=== Begin Enclosure ===

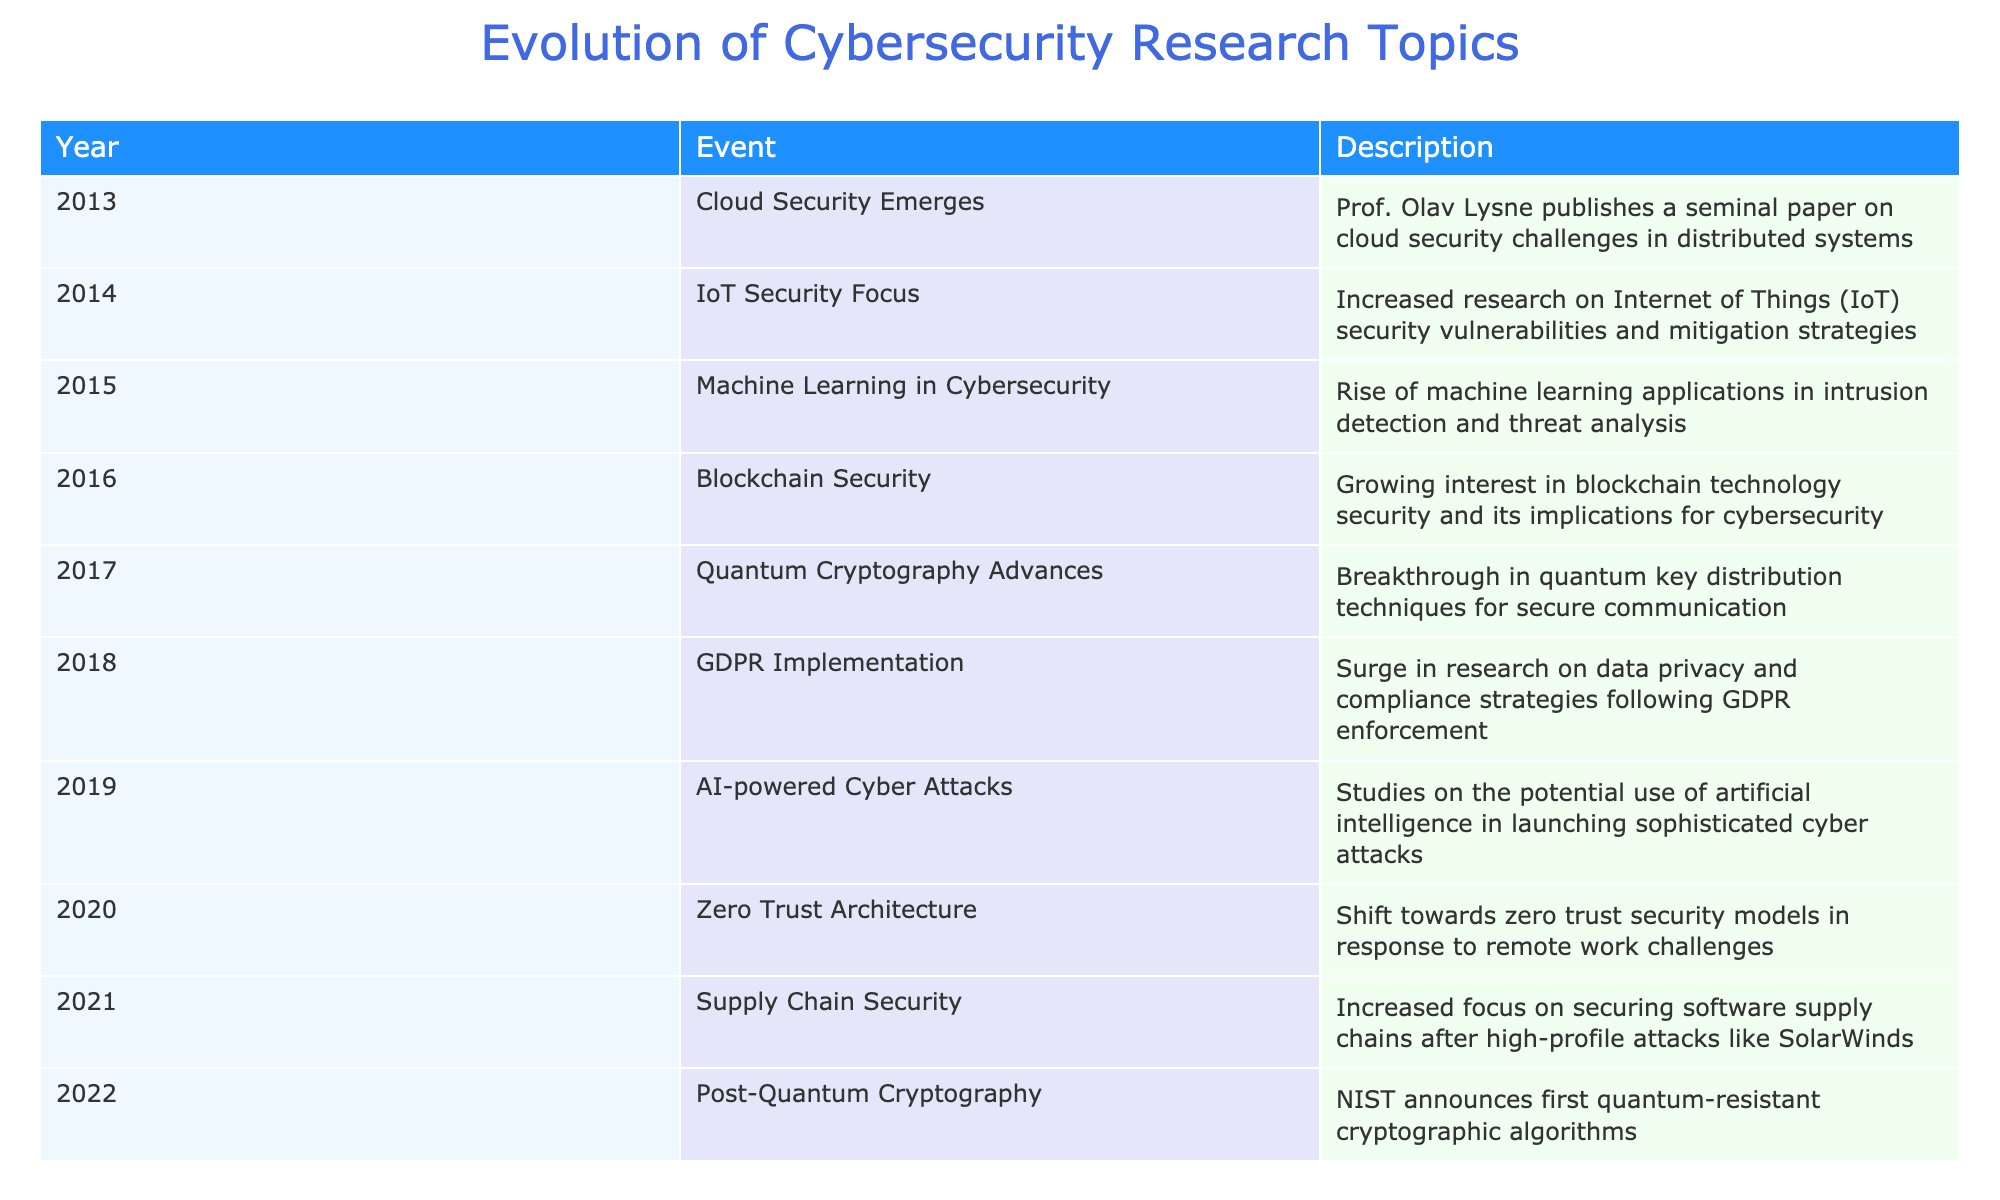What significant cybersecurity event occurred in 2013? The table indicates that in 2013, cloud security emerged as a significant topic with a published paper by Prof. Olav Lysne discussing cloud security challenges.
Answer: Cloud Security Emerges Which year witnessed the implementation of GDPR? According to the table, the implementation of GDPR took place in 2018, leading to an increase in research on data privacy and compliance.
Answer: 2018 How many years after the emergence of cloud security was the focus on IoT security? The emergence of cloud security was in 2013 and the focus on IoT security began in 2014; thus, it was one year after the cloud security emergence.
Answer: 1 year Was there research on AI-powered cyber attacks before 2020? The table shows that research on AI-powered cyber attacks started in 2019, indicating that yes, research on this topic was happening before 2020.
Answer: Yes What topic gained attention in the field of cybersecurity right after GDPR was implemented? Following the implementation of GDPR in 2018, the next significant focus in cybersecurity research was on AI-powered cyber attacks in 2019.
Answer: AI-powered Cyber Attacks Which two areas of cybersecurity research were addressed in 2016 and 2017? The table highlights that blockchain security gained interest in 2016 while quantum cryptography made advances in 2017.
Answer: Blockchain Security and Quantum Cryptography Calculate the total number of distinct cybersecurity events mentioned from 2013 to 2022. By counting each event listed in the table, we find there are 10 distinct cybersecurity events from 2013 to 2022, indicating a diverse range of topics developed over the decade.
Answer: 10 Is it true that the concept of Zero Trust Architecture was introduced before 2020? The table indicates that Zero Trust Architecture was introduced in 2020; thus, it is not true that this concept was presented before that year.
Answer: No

=== End Enclosure ===

About this task:
Look in the material above for the line with "Answer: 2018 How" and the line with "Answer: 1 year", and transcribe exactly those lines and all lines between them, nothing more.

Reply to the task:
Answer: 2018 How many years after the emergence of cloud security was the focus on IoT security? The emergence of cloud security was in 2013 and the focus on IoT security began in 2014; thus, it was one year after the cloud security emergence.
Answer: 1 year Was there research on AI-powered cyber attacks before 2020? The table shows that research on AI-powered cyber attacks started in 2019, indicating that yes, research on this topic was happening before 2020.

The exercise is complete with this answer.